Indeed, a July 2004 Gallup Poll shows only about a third of Americans -- 32% -- agree that "marriages between homosexuals should be recognized by the law as valid, with the same rights as traditional marriages." Half of Americans (48%) favor a constitutional amendment that would define marriage as being between a man and a woman. About half of Americans favor a law that would allow homosexual couples to legally form civil unions (49%), giving them some of the rights of married couples.

The Scott Peterson verdict was headline news last week.  How are Americans reacting?

The guilty verdict in the Peterson trial did not surprise a great many Americans. Last January, a Gallup Poll found that 76% of Americans believed that the murder charges against Peterson were either definitely or probably true. Almost no one believed the charges were not true; 19% said they didn't know enough about the case to have an opinion.

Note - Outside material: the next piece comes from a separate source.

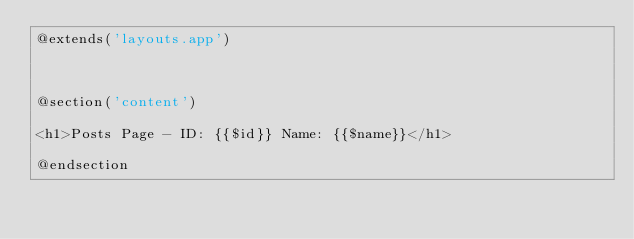<code> <loc_0><loc_0><loc_500><loc_500><_PHP_>@extends('layouts.app')



@section('content')

<h1>Posts Page - ID: {{$id}} Name: {{$name}}</h1>

@endsection</code> 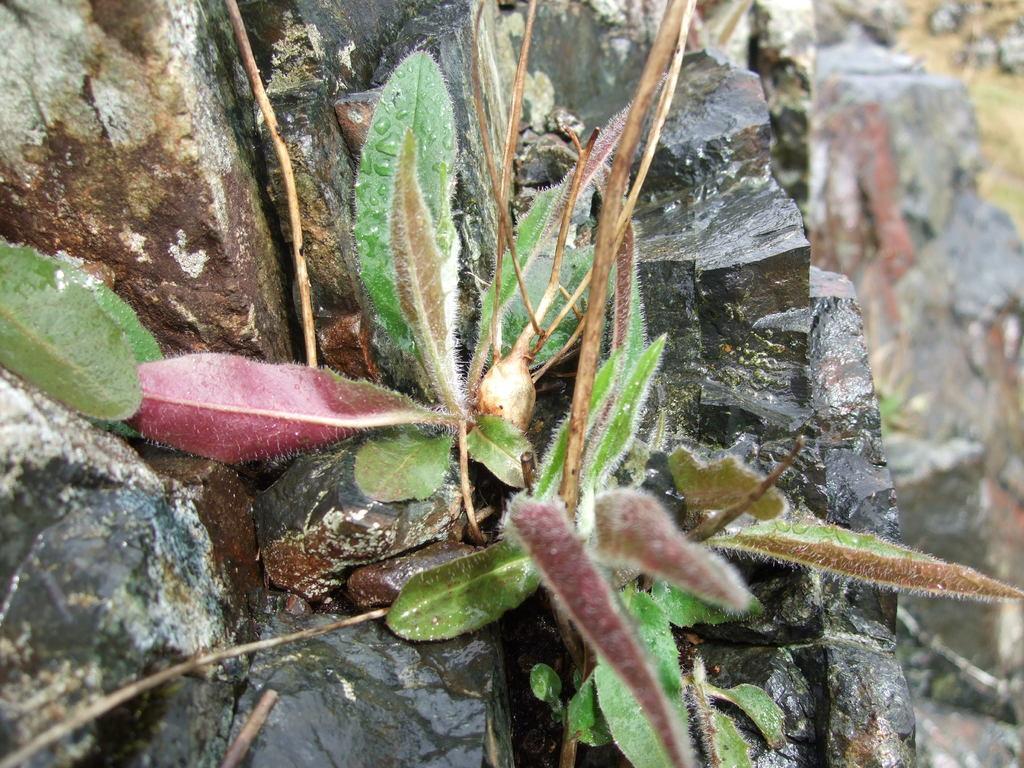How would you summarize this image in a sentence or two? This picture shows a plant and we see a rock.

That Peterson could receive the death penalty, as well as newly released Justice Department data showing that the frequency of the imposition of death sentences has dropped, has brought the debate over the death penalty back into the limelight. An article in Monday's Washington Post noted that the number of convicts in jail under sentence of death dropped to a 30-year low last year. According to the article, "The data stirred activists to speculate that support for the death penalty is dropping among jury panels, which in many states now are the only groups eligible to impose it." 

U.S. support for the death penalty has drifted slowly downward since its peak in 1994, when 80% of Americans favored it. The most recent Gallup measure of support for the death penalty was taken in October 2004, when 64% said they favored "the death penalty for a person convicted of murder." Still, according to a May 2004 poll, almost half of Americans (48%) say that the death penalty is not being imposed enough, and just 23% say the death penalty is imposed too often. More than half (55%) of Americans feel the death penalty is applied fairly in this country today.

A recent Gallup analysis shows that support for the death penalty is highest among whites, men, Republicans, and conservatives. There is little difference in support for the death penalty by age or region of country.